I stumbled upon this interesting piece of information during a project management training. There was a practical exercise to exemplify the problem:
People were split into 2 groups. Group 1 was told to write "Multitasking is bad and causes delays", then number every letter of that text - 1 under M, 2 under U, and so on. Group 2 had the same task, but they were told to write the number under every letter after writing it, so they would write one letter, one number, one letter, and so on.

The result of the exercise was that almost everyone in group 1 was done before the fastest performer from group 2 announced having finished the task.
The exercise was part of a larger session devoted to Eliyahu Goldratt's critical chain project management. His book The Goal introduces theory of constraints, which is a very useful tool for resource planning, and has its applications in both project management and analysis of real-time system performance. The book is a great read, too.

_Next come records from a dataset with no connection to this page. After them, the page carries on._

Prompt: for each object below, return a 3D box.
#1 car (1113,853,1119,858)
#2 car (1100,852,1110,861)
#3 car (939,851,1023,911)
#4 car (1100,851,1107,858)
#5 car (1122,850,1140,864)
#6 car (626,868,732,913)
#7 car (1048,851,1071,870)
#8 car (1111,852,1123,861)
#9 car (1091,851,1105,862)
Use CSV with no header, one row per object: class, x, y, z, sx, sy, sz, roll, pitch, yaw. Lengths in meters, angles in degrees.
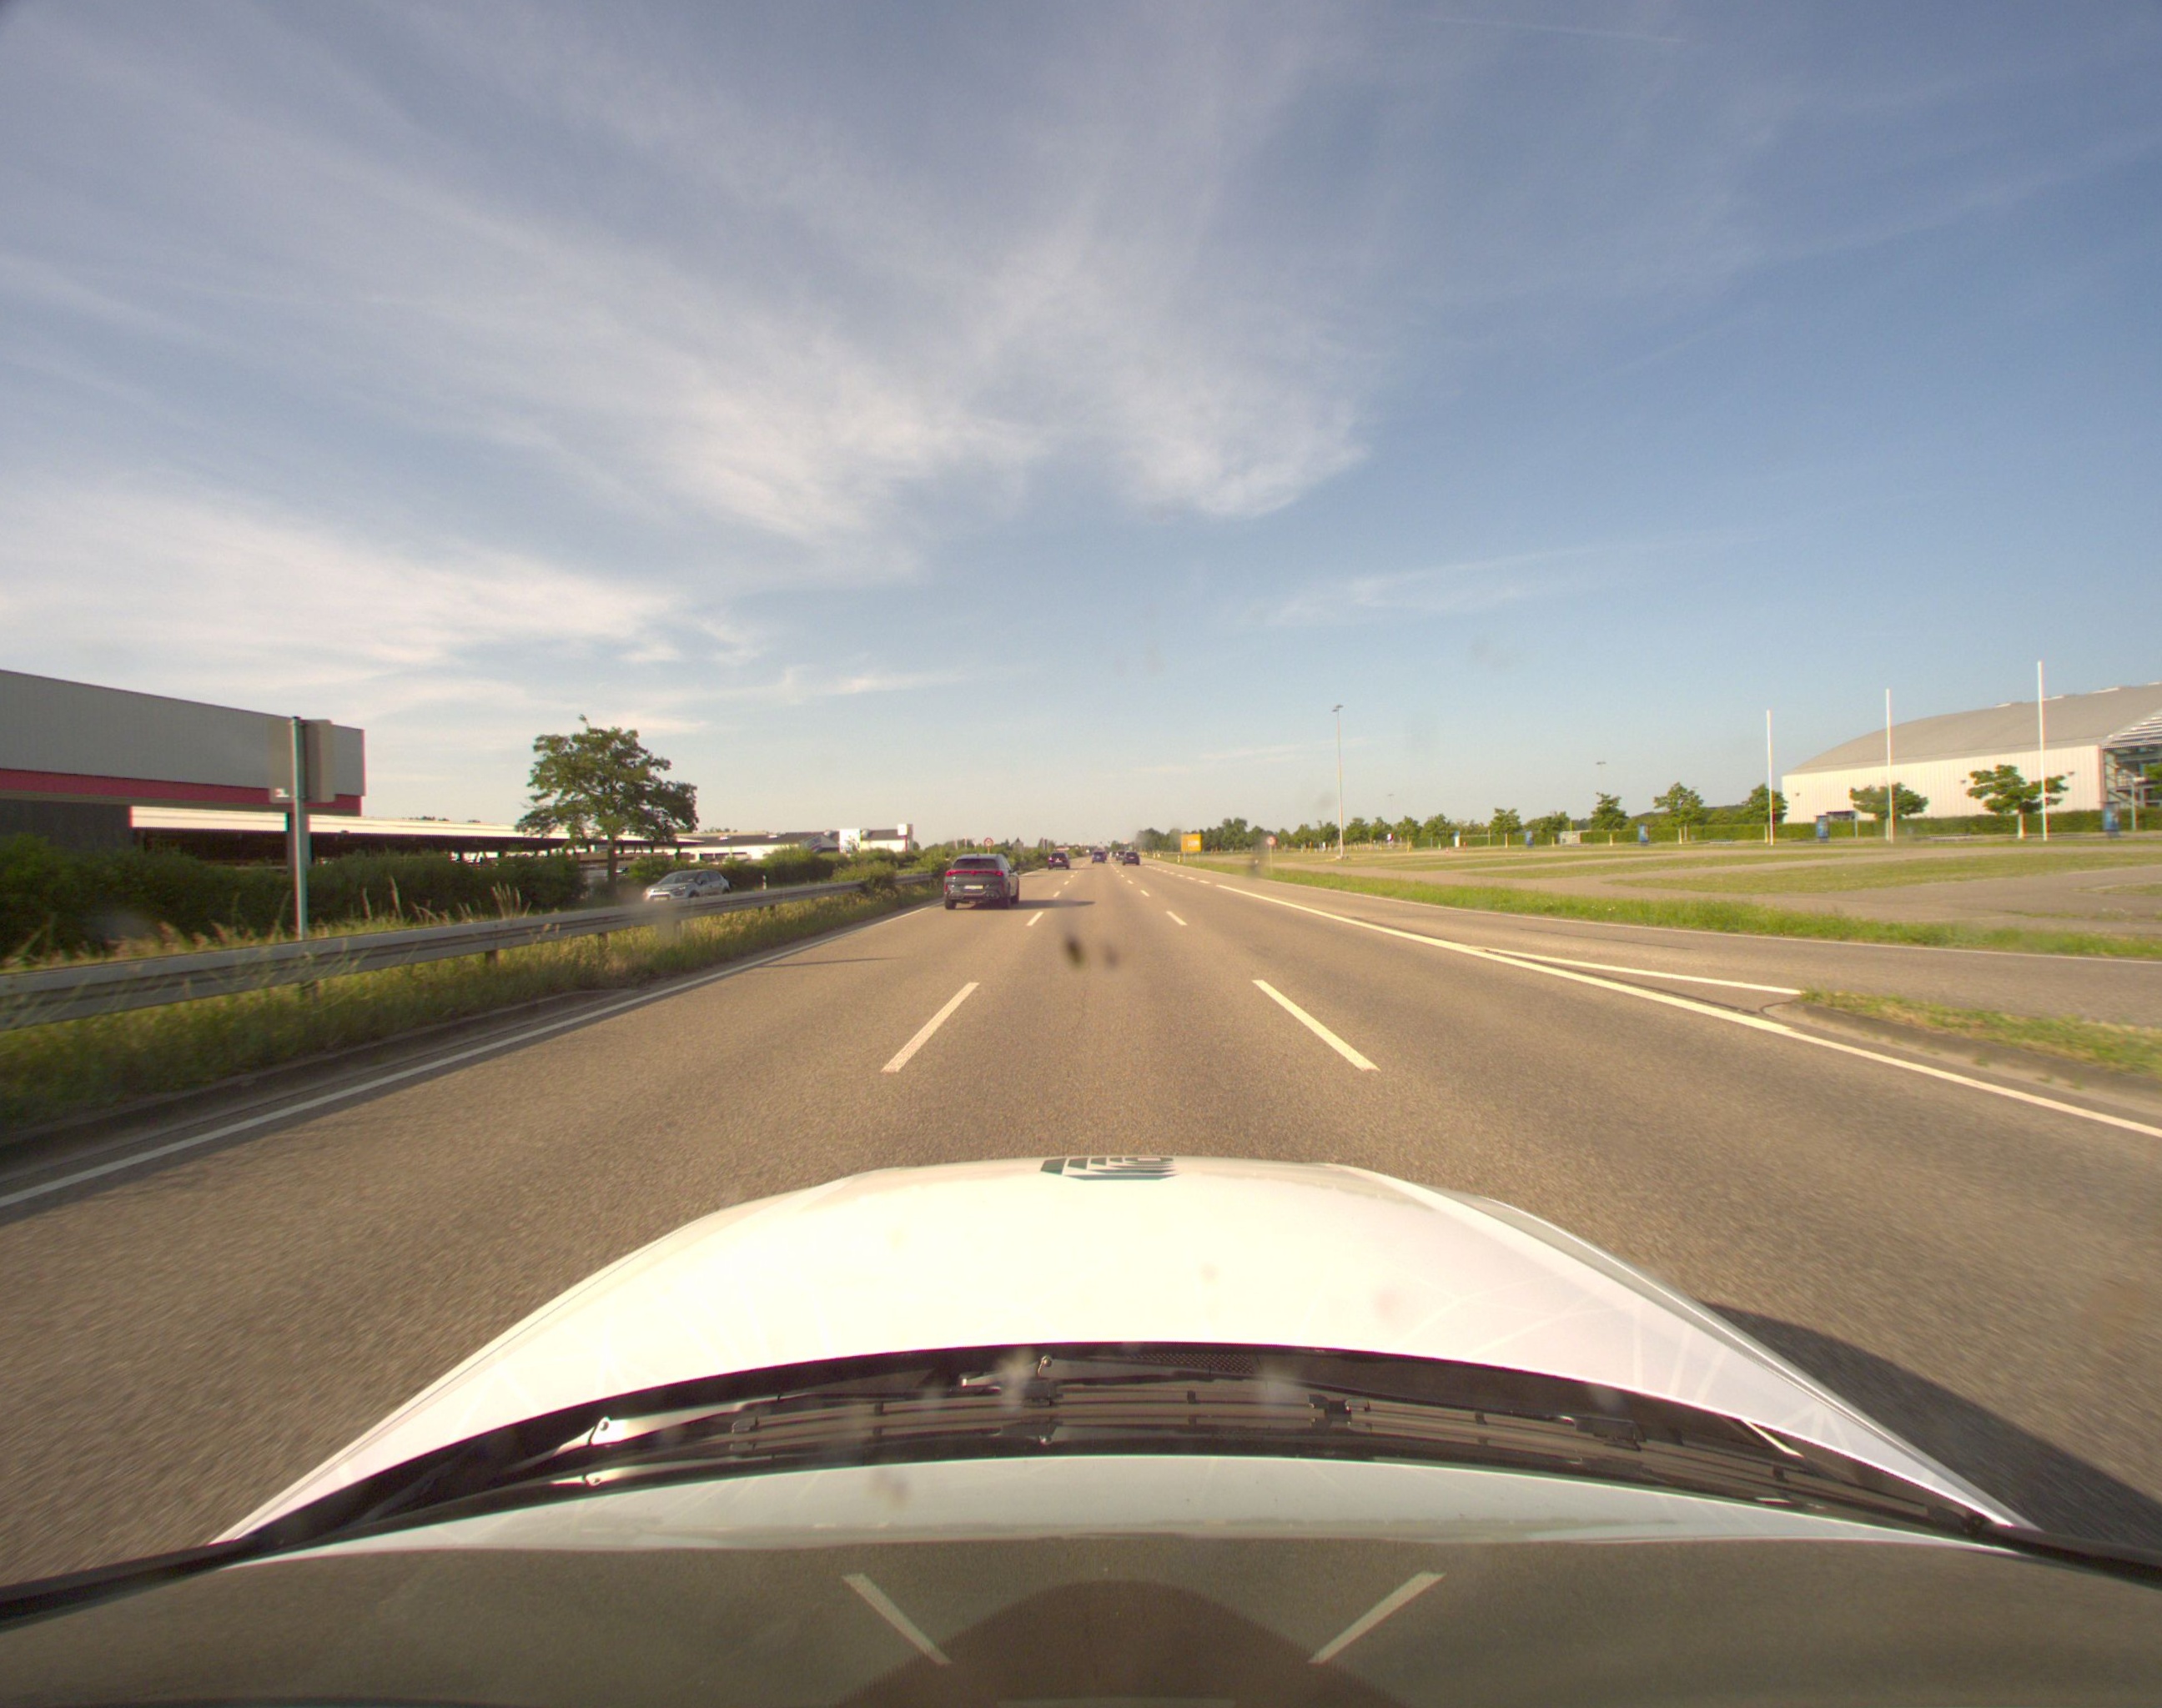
car,8.781,0.445,203.260,1.497,1.313,3.157,1,0,2
car,4.010,0.434,136.640,1.641,1.463,3.982,1,0,2
car,-2.903,0.739,24.529,1.839,1.612,4.402,1,0,2
car,5.323,0.165,193.707,1.639,1.728,3.402,0,-1,1
car,5.852,0.339,95.917,1.925,1.680,4.402,1,0,2
car,-14.705,1.288,30.058,1.772,1.424,4.002,-2,0,2
car,-2.049,0.591,77.852,1.925,1.680,4.402,1,0,2
car,5.841,0.453,132.700,1.866,1.463,3.982,1,0,2
car,2.346,0.381,112.432,1.806,1.463,4.402,1,0,2

Saturday, February 13, 2016

Efficient file transmission, part 3

While I was struggling with SCP/SFTP and FTP transmissions, I found that SMB, the protocol behind Windows file sharing, is also adversely affected by network latency.
SMB v1 is a block-level protocol, similar to what we saw in SFTP; SMB v1, as implemented in Windows versions up to XP/2003, does not support pipelining. As a result its performance deteriorates on long fat networks. It was virtually impossible to make full use of the available hardware using that protocol.
The situation was vastly improved in SMB v2, implemented in Vista and 2008. That protocol supports larger block sizes and multiple parallel requests, making better use of the available bandwidth. In order to make use of the new features, both client and server need to support SMB v2.
Recently I had a chance to compare the performance of both protocol versions; I used a tool that compressed 150k files downloaded over SMB. Running the tool on Windows 2003 took 6-8 hours. On 2008 it took 2 hours. Round-trip time was under 1 millisecond for both machines.